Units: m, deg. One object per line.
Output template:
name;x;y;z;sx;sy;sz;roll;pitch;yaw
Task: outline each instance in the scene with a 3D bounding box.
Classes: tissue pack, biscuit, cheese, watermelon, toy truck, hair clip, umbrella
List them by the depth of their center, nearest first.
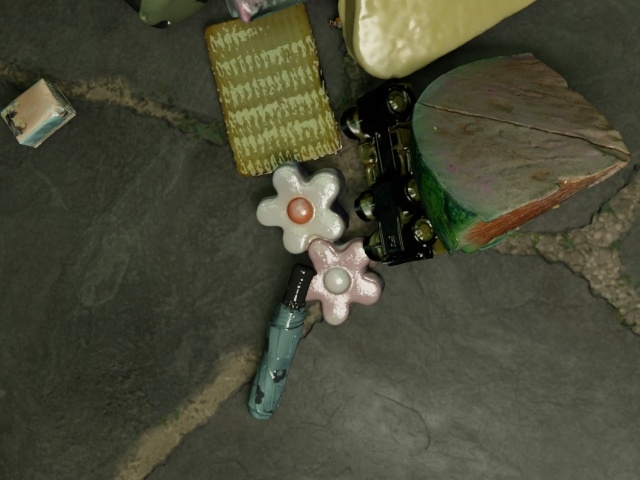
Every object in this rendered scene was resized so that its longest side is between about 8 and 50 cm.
watermelon;0.233;-0.075;1.006;0.292;0.222;0.319;-18;42;-16
cheese;0.152;-0.389;1.066;0.384;0.104;0.383;-4;113;-9
toy truck;0.123;-0.098;1.107;0.127;0.127;0.257;-12;87;-30
umbrella;-0.061;0.153;1.145;0.052;0.053;0.250;22;105;18
hair clip;0.000;0.001;1.158;0.146;0.075;0.257;-24;89;3
biscuit;-0.073;-0.233;1.195;0.172;0.029;0.254;-14;85;8
tissue pack;-0.454;-0.206;1.240;0.094;0.059;0.074;-38;81;6

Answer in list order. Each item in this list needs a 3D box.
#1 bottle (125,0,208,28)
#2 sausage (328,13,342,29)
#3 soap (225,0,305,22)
bottle;-0.317;-0.466;1.179;0.347;0.168;0.168;38;94;4
sausage;0.107;-0.359;1.171;0.198;0.025;0.028;-16;130;8
soap;-0.005;-0.465;1.114;0.324;0.109;0.192;-23;117;-6
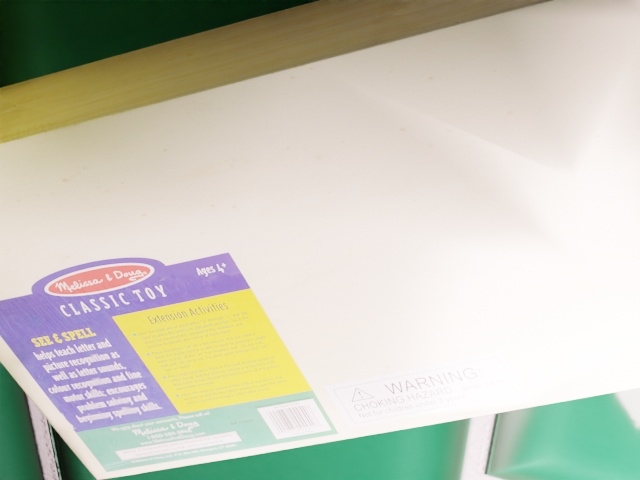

WHAT THE TASK ASKS: The lines above starting at the one that contains "Every object in" and ending at the one that contains "#2 sausage (328,13,342,29)" must be transcribed exactly, and no other lines may appear.

ANSWER:
Every object in this rendered scene was resized so that its longest side is between about 8 and 50 cm.
watermelon;0.233;-0.075;1.006;0.292;0.222;0.319;-18;42;-16
cheese;0.152;-0.389;1.066;0.384;0.104;0.383;-4;113;-9
toy truck;0.123;-0.098;1.107;0.127;0.127;0.257;-12;87;-30
umbrella;-0.061;0.153;1.145;0.052;0.053;0.250;22;105;18
hair clip;0.000;0.001;1.158;0.146;0.075;0.257;-24;89;3
biscuit;-0.073;-0.233;1.195;0.172;0.029;0.254;-14;85;8
tissue pack;-0.454;-0.206;1.240;0.094;0.059;0.074;-38;81;6

Answer in list order. Each item in this list needs a 3D box.
#1 bottle (125,0,208,28)
#2 sausage (328,13,342,29)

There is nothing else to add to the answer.